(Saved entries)
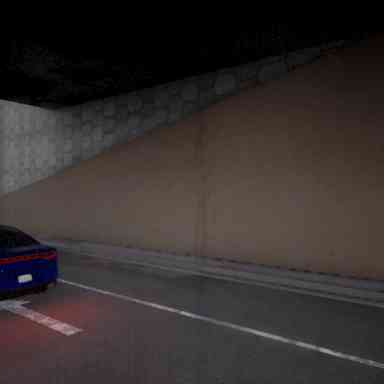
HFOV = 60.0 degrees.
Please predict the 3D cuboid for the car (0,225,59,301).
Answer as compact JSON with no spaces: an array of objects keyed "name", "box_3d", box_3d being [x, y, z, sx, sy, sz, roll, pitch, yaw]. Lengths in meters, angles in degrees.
[{"name":"car","box_3d":[-5.123,1.476,7.652,5.008,1.535,1.882,0,0,36]}]
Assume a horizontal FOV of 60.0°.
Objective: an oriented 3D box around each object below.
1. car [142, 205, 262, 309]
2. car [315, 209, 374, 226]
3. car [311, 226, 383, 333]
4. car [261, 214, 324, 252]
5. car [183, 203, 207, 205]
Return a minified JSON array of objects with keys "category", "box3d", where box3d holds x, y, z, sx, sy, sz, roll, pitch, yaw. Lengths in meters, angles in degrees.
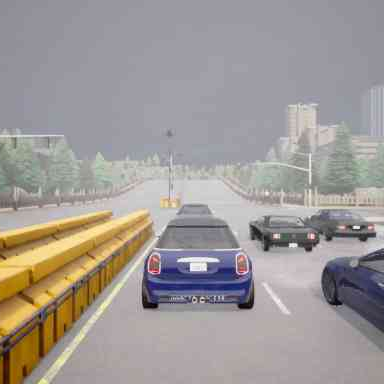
[{"category":"car","box3d":[0.117,1.352,8.032,2.097,1.767,4.553,0,0,0]},{"category":"car","box3d":[7.111,1.547,16.577,2.033,1.411,5.357,0,0,4]},{"category":"car","box3d":[3.614,1.526,5.064,1.812,1.442,4.674,0,0,0]},{"category":"car","box3d":[3.626,1.601,14.003,1.895,1.301,4.718,0,0,1]},{"category":"car","box3d":[0.135,1.352,16.968,2.097,1.767,4.553,0,0,0]}]

### YOUR GOAL:
An answer containing only the lines from the one holding "Return a minified" through the close of the entries above, reproduced exactly and stripped of pictures, is expected.

### YOUR RESPONSE:
Return a minified JSON array of objects with keys "category", "box3d", where box3d holds x, y, z, sx, sy, sz, roll, pitch, yaw. Lengths in meters, angles in degrees.
[{"category":"car","box3d":[0.117,1.352,8.032,2.097,1.767,4.553,0,0,0]},{"category":"car","box3d":[7.111,1.547,16.577,2.033,1.411,5.357,0,0,4]},{"category":"car","box3d":[3.614,1.526,5.064,1.812,1.442,4.674,0,0,0]},{"category":"car","box3d":[3.626,1.601,14.003,1.895,1.301,4.718,0,0,1]},{"category":"car","box3d":[0.135,1.352,16.968,2.097,1.767,4.553,0,0,0]}]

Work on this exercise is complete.